- WHAT YOU ARE ASKED TO DO
If a record holds a picture, leave the picture out and print everything else exactly.

[[ PROVIDED RECORDS open ]]

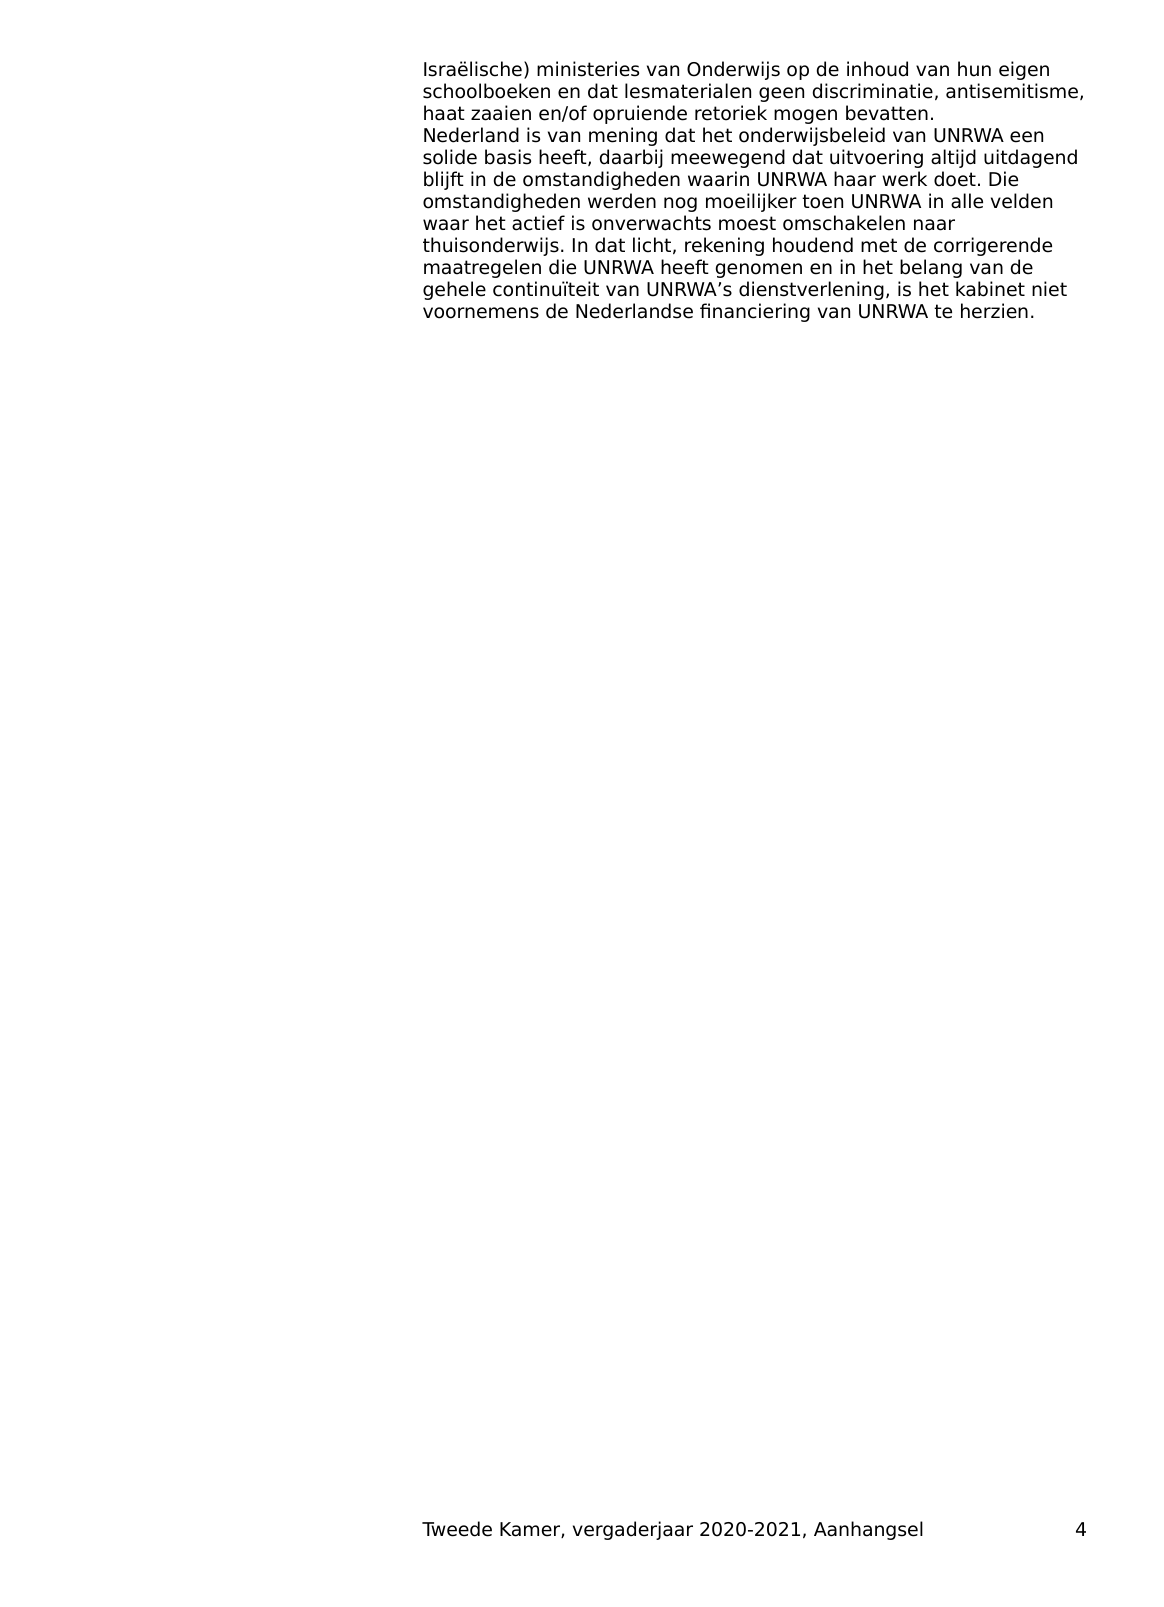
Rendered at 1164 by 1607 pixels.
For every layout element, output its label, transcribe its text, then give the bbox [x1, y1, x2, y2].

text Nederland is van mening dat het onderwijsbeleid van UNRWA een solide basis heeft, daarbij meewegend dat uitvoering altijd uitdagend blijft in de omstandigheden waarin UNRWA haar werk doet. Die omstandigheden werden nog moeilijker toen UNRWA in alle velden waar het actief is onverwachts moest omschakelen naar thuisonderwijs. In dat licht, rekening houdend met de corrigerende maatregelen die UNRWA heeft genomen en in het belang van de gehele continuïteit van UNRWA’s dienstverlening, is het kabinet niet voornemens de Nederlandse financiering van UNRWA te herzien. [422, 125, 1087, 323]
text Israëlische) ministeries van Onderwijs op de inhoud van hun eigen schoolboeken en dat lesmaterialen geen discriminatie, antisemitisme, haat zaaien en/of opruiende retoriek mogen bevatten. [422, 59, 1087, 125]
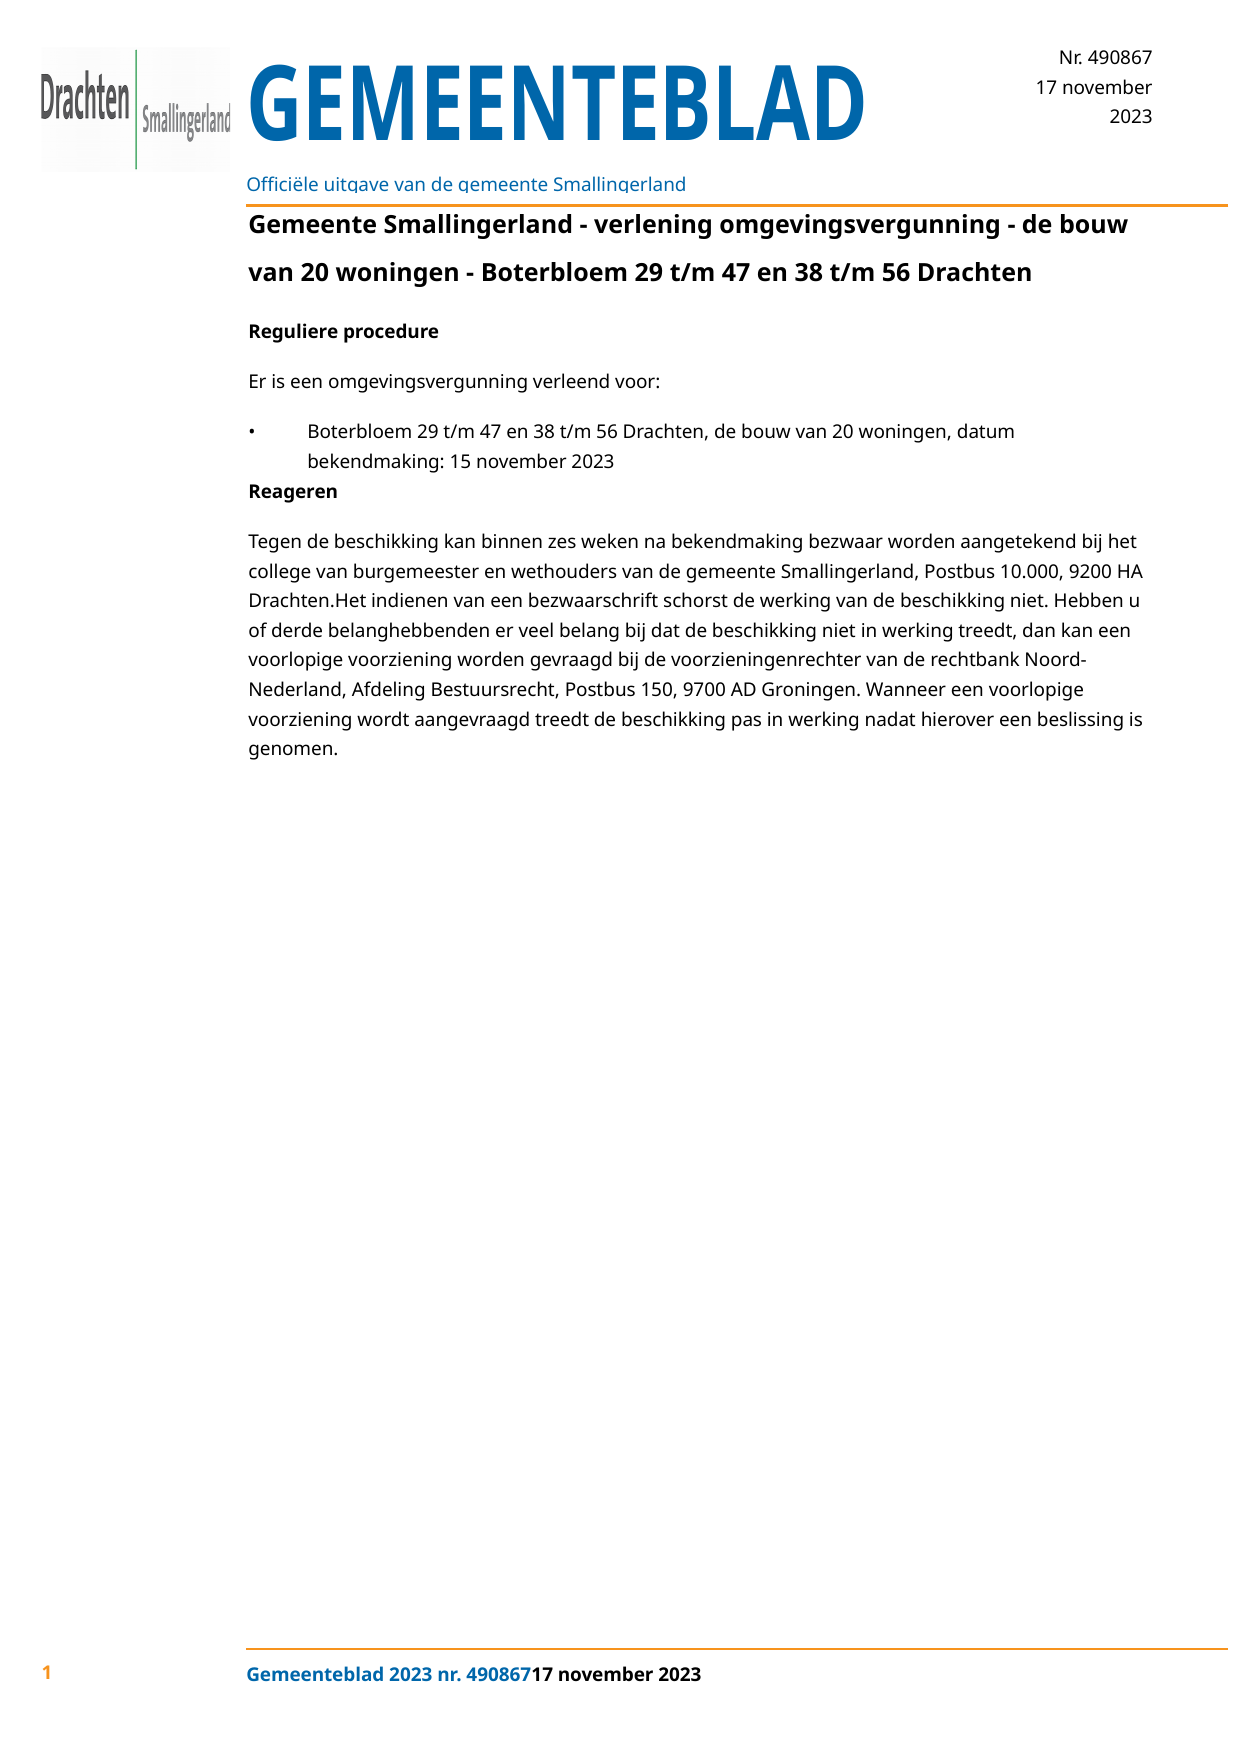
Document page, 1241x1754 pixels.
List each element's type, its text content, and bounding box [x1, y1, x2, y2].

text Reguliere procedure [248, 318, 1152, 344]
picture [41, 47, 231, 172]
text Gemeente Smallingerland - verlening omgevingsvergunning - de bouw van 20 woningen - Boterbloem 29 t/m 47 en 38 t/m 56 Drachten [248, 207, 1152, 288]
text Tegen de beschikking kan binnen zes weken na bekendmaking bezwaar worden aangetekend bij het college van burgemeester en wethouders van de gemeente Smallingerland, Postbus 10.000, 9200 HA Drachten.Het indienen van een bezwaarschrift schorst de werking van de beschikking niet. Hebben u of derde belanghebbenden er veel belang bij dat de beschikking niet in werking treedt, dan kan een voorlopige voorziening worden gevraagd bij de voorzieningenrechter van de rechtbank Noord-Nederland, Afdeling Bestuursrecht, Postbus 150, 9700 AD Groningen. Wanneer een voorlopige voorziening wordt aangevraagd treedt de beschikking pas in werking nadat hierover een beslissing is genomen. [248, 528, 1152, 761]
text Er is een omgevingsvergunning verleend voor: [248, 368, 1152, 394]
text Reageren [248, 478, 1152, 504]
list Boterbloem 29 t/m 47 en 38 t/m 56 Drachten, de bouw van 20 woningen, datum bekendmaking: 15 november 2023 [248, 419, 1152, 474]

[[ PROVIDED RECORDS closed ]]

- OUTPUT FOR THIS TASK
Rendered at 1164 by 1607 pixels.
For every layout element, output its label, transcribe its text, then give the bbox [x1, y1, x2, y2].

text Nederland is van mening dat het onderwijsbeleid van UNRWA een solide basis heeft, daarbij meewegend dat uitvoering altijd uitdagend blijft in de omstandigheden waarin UNRWA haar werk doet. Die omstandigheden werden nog moeilijker toen UNRWA in alle velden waar het actief is onverwachts moest omschakelen naar thuisonderwijs. In dat licht, rekening houdend met de corrigerende maatregelen die UNRWA heeft genomen en in het belang van de gehele continuïteit van UNRWA’s dienstverlening, is het kabinet niet voornemens de Nederlandse financiering van UNRWA te herzien. [422, 125, 1087, 323]
text Israëlische) ministeries van Onderwijs op de inhoud van hun eigen schoolboeken en dat lesmaterialen geen discriminatie, antisemitisme, haat zaaien en/of opruiende retoriek mogen bevatten. [422, 59, 1087, 125]
Document page, 1241x1754 pixels.
List each element's type, its text content, and bounding box [x1, y1, x2, y2].

text Reguliere procedure [248, 318, 1152, 344]
picture [41, 47, 231, 172]
text Gemeente Smallingerland - verlening omgevingsvergunning - de bouw van 20 woningen - Boterbloem 29 t/m 47 en 38 t/m 56 Drachten [248, 207, 1152, 288]
text Tegen de beschikking kan binnen zes weken na bekendmaking bezwaar worden aangetekend bij het college van burgemeester en wethouders van de gemeente Smallingerland, Postbus 10.000, 9200 HA Drachten.Het indienen van een bezwaarschrift schorst de werking van de beschikking niet. Hebben u of derde belanghebbenden er veel belang bij dat de beschikking niet in werking treedt, dan kan een voorlopige voorziening worden gevraagd bij de voorzieningenrechter van de rechtbank Noord-Nederland, Afdeling Bestuursrecht, Postbus 150, 9700 AD Groningen. Wanneer een voorlopige voorziening wordt aangevraagd treedt de beschikking pas in werking nadat hierover een beslissing is genomen. [248, 528, 1152, 761]
text Er is een omgevingsvergunning verleend voor: [248, 368, 1152, 394]
text Reageren [248, 478, 1152, 504]
list Boterbloem 29 t/m 47 en 38 t/m 56 Drachten, de bouw van 20 woningen, datum bekendmaking: 15 november 2023 [248, 419, 1152, 474]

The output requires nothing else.